Top of INFORMATION GIVEN

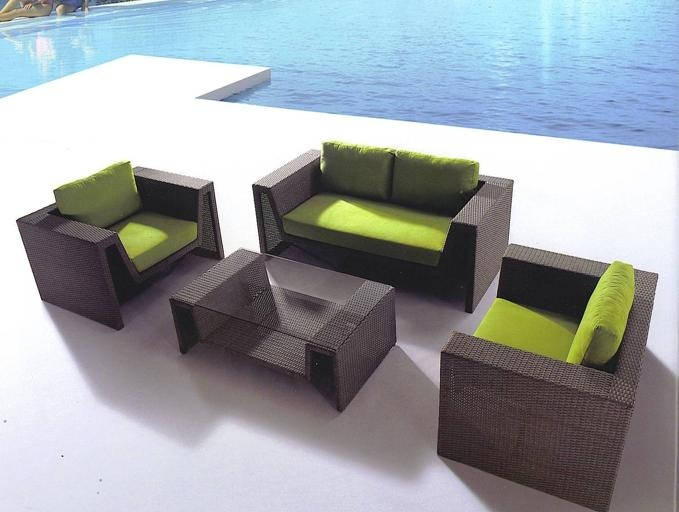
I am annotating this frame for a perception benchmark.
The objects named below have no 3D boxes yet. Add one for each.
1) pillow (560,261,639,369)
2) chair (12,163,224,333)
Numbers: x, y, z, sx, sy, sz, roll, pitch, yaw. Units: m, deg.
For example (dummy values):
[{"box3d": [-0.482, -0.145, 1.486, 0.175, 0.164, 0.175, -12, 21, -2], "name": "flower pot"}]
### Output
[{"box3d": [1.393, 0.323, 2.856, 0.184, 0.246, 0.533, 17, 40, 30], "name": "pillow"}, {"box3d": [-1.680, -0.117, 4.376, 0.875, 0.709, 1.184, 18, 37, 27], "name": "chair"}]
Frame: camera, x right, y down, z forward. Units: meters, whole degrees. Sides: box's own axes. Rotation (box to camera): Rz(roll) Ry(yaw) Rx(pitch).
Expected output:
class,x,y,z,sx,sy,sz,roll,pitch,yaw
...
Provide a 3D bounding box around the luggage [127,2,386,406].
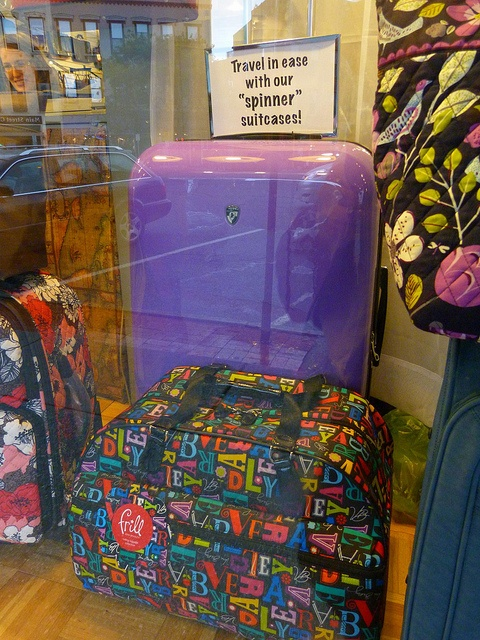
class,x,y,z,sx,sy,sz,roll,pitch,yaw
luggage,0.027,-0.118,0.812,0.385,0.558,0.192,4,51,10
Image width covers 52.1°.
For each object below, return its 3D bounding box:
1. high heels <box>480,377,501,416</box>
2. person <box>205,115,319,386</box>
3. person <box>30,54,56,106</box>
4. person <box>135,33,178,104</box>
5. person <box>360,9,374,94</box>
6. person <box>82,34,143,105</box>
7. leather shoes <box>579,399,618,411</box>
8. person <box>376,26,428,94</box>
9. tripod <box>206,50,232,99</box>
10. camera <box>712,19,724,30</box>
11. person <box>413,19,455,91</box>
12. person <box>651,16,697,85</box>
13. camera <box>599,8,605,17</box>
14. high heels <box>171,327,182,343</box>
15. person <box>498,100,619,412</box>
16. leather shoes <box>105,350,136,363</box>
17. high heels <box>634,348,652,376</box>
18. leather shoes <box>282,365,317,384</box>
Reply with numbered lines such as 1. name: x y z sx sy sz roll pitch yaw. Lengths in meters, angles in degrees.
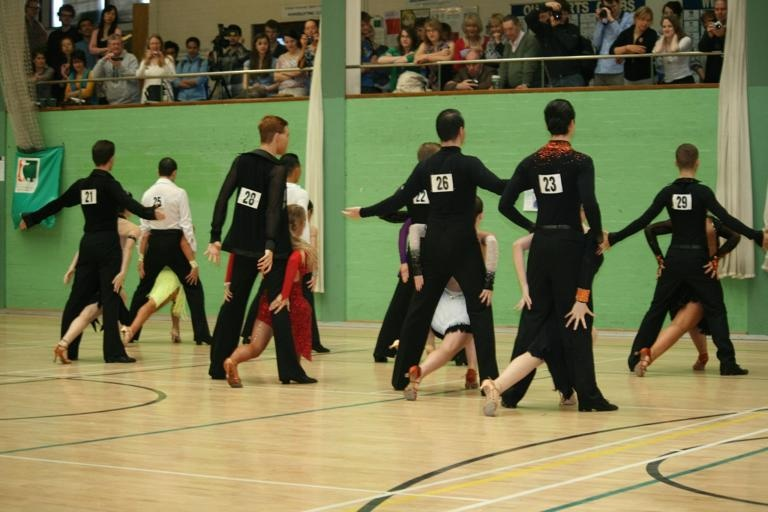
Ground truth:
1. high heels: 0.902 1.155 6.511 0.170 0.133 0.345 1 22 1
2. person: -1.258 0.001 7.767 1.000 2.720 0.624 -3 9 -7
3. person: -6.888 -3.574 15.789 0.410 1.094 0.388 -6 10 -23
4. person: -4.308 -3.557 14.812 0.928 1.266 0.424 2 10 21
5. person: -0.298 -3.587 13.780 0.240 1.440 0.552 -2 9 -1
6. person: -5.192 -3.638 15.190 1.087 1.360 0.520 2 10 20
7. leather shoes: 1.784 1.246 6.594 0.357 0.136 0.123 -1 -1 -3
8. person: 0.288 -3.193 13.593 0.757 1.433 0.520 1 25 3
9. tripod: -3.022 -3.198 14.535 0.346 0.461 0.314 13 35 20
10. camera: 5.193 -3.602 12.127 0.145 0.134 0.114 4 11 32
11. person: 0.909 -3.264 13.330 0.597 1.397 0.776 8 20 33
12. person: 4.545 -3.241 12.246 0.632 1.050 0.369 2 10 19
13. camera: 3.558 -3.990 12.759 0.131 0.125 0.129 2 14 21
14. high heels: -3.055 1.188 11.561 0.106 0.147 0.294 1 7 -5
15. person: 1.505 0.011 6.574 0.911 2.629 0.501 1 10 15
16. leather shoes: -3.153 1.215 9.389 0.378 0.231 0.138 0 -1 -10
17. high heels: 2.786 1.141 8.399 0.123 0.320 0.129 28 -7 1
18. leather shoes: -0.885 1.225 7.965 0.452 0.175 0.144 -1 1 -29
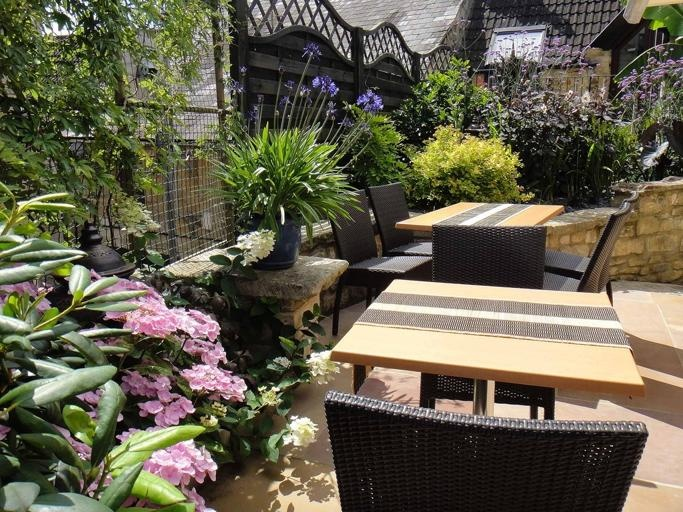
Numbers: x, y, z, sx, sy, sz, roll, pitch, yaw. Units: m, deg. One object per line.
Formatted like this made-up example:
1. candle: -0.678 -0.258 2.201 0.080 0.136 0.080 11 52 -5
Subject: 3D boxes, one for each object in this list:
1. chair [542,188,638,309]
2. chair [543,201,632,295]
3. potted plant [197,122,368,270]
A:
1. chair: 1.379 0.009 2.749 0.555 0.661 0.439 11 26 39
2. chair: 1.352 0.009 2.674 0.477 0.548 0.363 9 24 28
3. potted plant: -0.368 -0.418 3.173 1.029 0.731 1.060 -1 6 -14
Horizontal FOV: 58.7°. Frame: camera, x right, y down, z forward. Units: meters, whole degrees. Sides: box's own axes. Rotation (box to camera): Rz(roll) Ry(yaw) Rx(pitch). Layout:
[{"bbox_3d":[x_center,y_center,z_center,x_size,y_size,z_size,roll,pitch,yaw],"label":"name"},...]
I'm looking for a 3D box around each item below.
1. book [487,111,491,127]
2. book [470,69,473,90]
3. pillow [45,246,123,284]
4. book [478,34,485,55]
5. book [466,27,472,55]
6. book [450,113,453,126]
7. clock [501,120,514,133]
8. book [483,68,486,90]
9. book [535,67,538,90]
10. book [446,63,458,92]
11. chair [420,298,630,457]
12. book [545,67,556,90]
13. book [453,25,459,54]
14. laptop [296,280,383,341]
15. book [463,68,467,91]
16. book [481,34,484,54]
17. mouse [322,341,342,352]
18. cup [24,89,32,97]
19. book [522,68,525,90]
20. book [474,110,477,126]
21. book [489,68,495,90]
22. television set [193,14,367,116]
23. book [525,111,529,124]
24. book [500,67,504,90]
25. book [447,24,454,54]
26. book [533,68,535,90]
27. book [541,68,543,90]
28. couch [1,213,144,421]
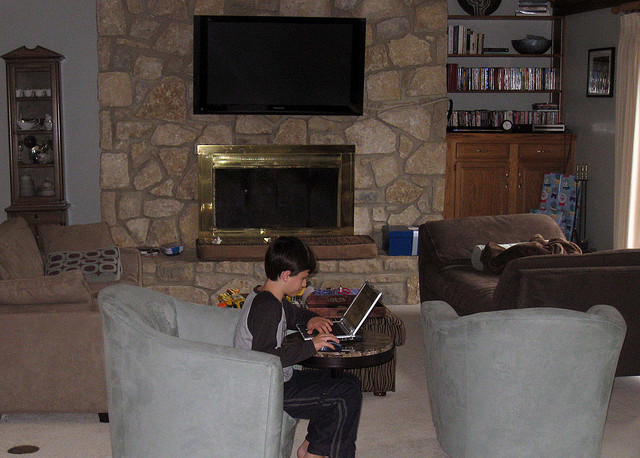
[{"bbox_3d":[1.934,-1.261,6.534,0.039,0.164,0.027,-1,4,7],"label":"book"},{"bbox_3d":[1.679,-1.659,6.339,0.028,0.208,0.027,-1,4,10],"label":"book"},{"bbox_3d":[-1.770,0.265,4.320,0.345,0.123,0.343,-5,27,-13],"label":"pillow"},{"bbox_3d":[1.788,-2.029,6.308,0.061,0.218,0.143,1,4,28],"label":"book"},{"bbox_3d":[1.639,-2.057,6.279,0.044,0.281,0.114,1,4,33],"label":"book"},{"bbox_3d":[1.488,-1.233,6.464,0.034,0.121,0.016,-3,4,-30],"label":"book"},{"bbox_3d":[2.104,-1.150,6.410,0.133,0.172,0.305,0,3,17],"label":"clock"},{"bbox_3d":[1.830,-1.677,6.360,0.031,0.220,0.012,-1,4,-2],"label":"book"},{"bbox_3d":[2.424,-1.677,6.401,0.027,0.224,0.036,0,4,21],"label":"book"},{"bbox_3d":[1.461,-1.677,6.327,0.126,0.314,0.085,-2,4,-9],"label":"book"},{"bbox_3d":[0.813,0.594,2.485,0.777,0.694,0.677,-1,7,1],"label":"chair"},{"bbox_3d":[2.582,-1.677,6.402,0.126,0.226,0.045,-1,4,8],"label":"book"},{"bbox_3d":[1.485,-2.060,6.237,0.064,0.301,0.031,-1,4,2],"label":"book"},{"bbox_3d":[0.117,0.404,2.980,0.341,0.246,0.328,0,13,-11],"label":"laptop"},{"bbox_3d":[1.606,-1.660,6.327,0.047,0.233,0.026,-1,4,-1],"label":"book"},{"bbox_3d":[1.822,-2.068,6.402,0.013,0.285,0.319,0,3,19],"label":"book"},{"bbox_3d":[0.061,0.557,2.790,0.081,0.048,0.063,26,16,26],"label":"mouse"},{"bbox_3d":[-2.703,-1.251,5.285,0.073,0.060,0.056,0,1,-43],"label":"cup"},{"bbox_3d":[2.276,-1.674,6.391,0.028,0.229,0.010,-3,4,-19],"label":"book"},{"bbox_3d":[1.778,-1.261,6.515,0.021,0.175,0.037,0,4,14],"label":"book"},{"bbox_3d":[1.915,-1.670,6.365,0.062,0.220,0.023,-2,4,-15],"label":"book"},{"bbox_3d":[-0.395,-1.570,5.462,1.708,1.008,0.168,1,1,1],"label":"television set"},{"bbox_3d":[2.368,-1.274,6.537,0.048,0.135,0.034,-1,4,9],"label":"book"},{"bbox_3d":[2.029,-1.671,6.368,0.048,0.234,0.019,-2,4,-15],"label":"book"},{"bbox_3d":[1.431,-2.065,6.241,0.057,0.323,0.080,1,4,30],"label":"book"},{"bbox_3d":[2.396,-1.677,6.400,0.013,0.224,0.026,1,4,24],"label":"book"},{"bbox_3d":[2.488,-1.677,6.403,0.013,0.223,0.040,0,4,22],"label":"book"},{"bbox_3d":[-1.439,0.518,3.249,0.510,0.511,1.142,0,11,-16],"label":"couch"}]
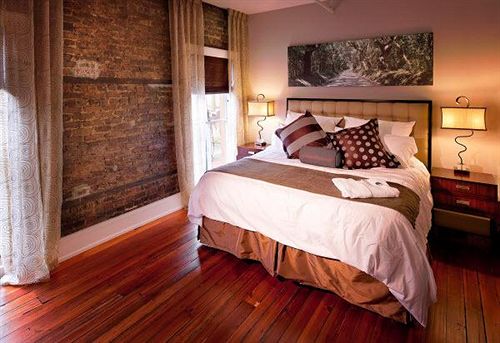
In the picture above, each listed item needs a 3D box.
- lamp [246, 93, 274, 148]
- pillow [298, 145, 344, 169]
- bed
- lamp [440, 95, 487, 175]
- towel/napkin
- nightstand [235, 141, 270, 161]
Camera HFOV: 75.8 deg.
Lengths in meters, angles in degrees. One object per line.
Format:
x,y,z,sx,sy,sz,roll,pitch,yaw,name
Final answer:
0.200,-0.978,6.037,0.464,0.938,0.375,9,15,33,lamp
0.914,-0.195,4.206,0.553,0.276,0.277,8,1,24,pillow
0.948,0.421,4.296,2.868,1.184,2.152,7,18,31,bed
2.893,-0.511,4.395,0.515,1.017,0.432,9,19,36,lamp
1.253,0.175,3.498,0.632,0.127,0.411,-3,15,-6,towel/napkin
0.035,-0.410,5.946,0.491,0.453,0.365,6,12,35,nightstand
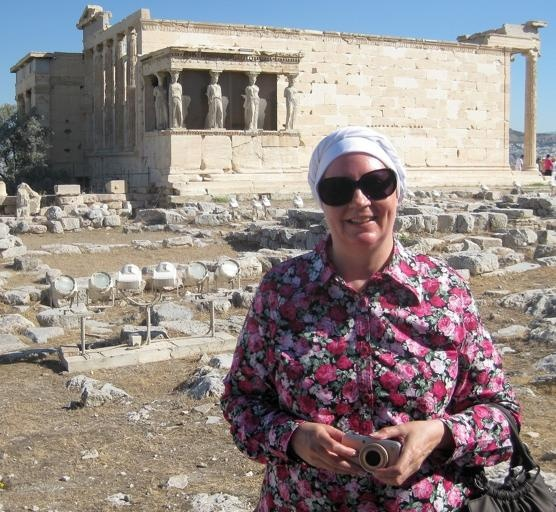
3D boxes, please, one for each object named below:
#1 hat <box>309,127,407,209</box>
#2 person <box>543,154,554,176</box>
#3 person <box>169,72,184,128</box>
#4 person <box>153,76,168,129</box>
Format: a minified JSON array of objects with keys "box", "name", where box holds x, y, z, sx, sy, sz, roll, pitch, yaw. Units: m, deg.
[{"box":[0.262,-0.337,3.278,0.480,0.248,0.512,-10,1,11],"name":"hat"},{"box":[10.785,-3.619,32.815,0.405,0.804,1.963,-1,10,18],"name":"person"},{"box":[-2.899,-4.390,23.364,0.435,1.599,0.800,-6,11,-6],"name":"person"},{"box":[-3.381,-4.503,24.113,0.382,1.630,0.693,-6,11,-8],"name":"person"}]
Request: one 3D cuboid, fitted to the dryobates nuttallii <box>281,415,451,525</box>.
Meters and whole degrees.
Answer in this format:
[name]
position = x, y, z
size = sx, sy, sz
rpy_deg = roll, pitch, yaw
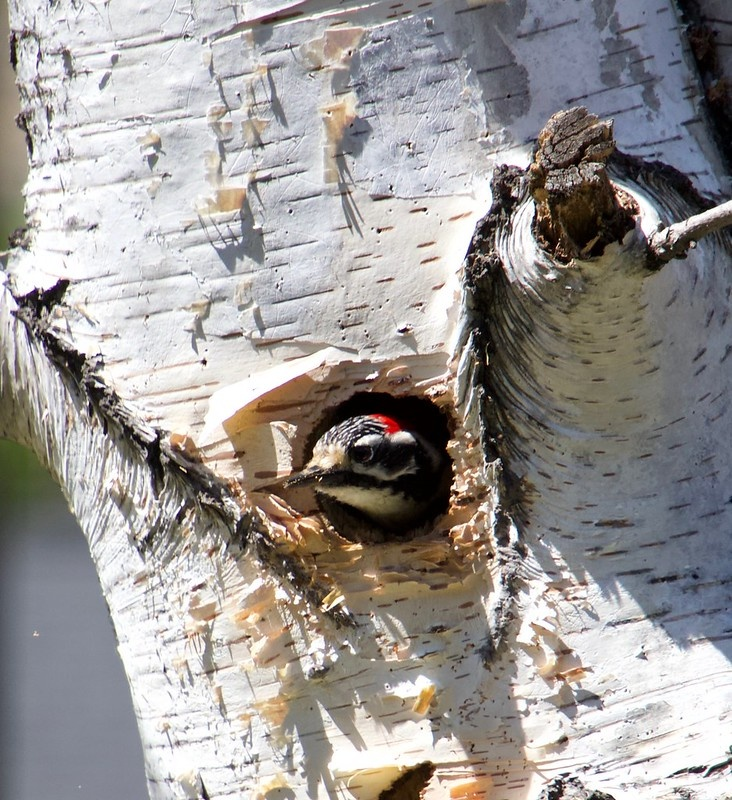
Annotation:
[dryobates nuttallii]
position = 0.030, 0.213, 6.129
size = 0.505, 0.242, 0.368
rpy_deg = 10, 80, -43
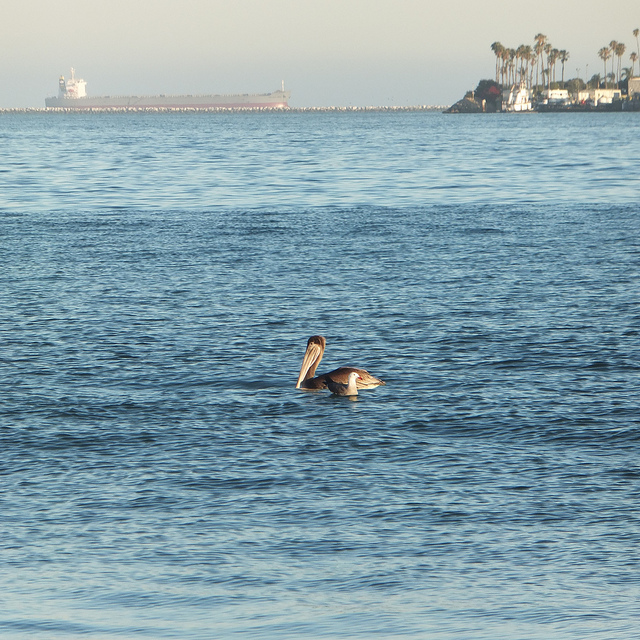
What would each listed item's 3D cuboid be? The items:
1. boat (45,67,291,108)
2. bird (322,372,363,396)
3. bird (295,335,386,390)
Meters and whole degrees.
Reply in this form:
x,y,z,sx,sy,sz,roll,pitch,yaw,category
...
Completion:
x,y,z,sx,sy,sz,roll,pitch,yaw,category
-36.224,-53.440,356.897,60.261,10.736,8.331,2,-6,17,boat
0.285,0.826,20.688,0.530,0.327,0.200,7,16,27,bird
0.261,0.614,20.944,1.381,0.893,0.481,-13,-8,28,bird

Bottom of INFORMATION GIVEN

INSTRUCTIONS TO FOLLOW | Would you print, exactly as written, every line above from the one holding "14. laptop [296,280,383,341]" through the one holding "27. book [541,68,543,90]", with both included and no other lines?

OUTPUT |
14. laptop [296,280,383,341]
15. book [463,68,467,91]
16. book [481,34,484,54]
17. mouse [322,341,342,352]
18. cup [24,89,32,97]
19. book [522,68,525,90]
20. book [474,110,477,126]
21. book [489,68,495,90]
22. television set [193,14,367,116]
23. book [525,111,529,124]
24. book [500,67,504,90]
25. book [447,24,454,54]
26. book [533,68,535,90]
27. book [541,68,543,90]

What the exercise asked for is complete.